Now, let us perform some EDA on the data with confirmed melanoma cases.

In [None]:
target_grouped = EDA_df.groupby('target')
confirmed_df = target_grouped.get_group(1)
confirmed_df

In [None]:
f, ax = plt.subplots(1,2,figsize = (12, 6))
sns.countplot( x = 'sex', data = confirmed_df, ax = ax[0])
sns.violinplot( x = 'sex', y = 'age_approx', data = confirmed_df, inner = 'quartile', ax = ax[1])
f.show()

From the above graph, we can observe that- 
* Men tend to show a higher chance of getting melanoma, however this can again be a case of sampling bias. 
* In case of both the males and females, people aged between 40-70 fall in the high-risk bracket in terms of developing melanoma.

In [None]:
f, ax = plt.subplots(1, 2, figsize = (20, 8))
sns.countplot( x = 'anatom_site_general_challenge', data = confirmed_df, ax = ax[0])
sns.countplot( x = 'anatom_site_general_challenge', hue = 'sex', data = confirmed_df, ax = ax[1])
f.show()

Observations from the graphs above:
* The torso has the most number of diagnosed cases of melanoma, followed by the lower extreme and upper extreme regions of the body. However, considering the high sampling bias in our data, it can't be said with certainty that torso is the most common anatomical site for melanomous tumors/moles.
* In case of number of confirmed cases, the above graphs show that men tend to have a higher chance of developing melanoma as compared to women. 
* This trend is visible for the number of cases in almost all anatomical regions except the oral/genital region, for which women show a significantly higher number of cases as compared to men.

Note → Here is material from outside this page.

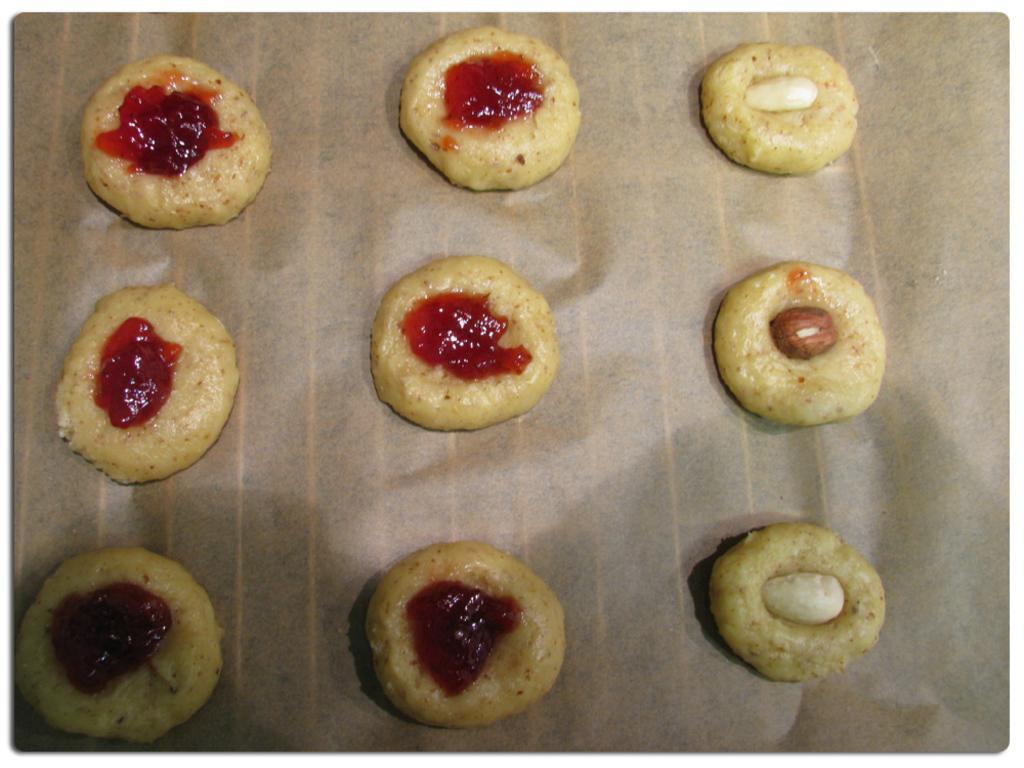In one or two sentences, can you explain what this image depicts? In this image, we can see some food items kept on a paper. 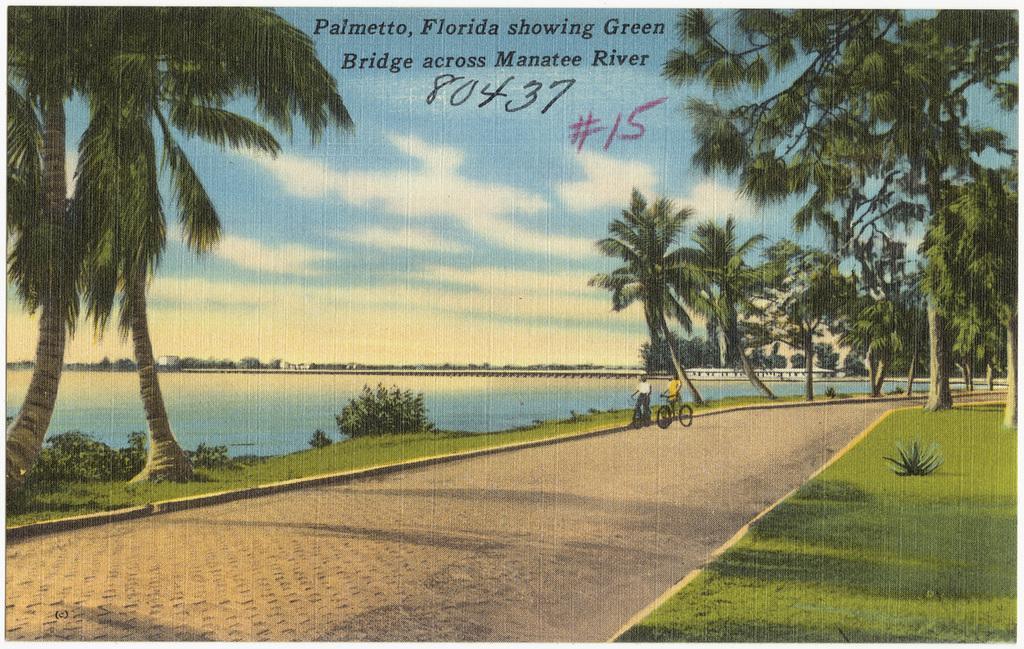How would you summarize this image in a sentence or two? In the picture we can see a photograph of a path with two people are standing with bicycles and besides it, we can see a grass surface and on it we can see trees and beside it, we can see water and far away from it we can see trees, sky with clouds.

**NOTE**- *These are just observations made on the basis of the visualization given above. These trends may or may not represent actual statistics.*

Now that we are done with the basic EDA part, let us view a few images from our dataset.

In [None]:
sns.set_style('white')

def train_img_viewer(index):
    """Shows image in the training dataset at the random index that the user provides.
    
    Args-
        index- index of the image
    Returns-
        None
    """
    
    img_info = train_df.loc[index,['image_name', 'benign_malignant']]
    img_name = img_info.image_name + '.jpg'
    img_class = img_info.benign_malignant
    path = '../input/siim-isic-melanoma-classification/jpeg/train'
    img_path = os.path.join(path, img_name)
    img = Image.open(img_path)
    transform = transforms.ToTensor()
    img = transform(img)
    print(img_class)
    plt.imshow(img.permute(1,2,0))

In [None]:
train_img_viewer(1)

In [None]:
train_img_viewer(91)

With this, we come to the end of the first part of the project. In the next part, we will define and train our binary classification model.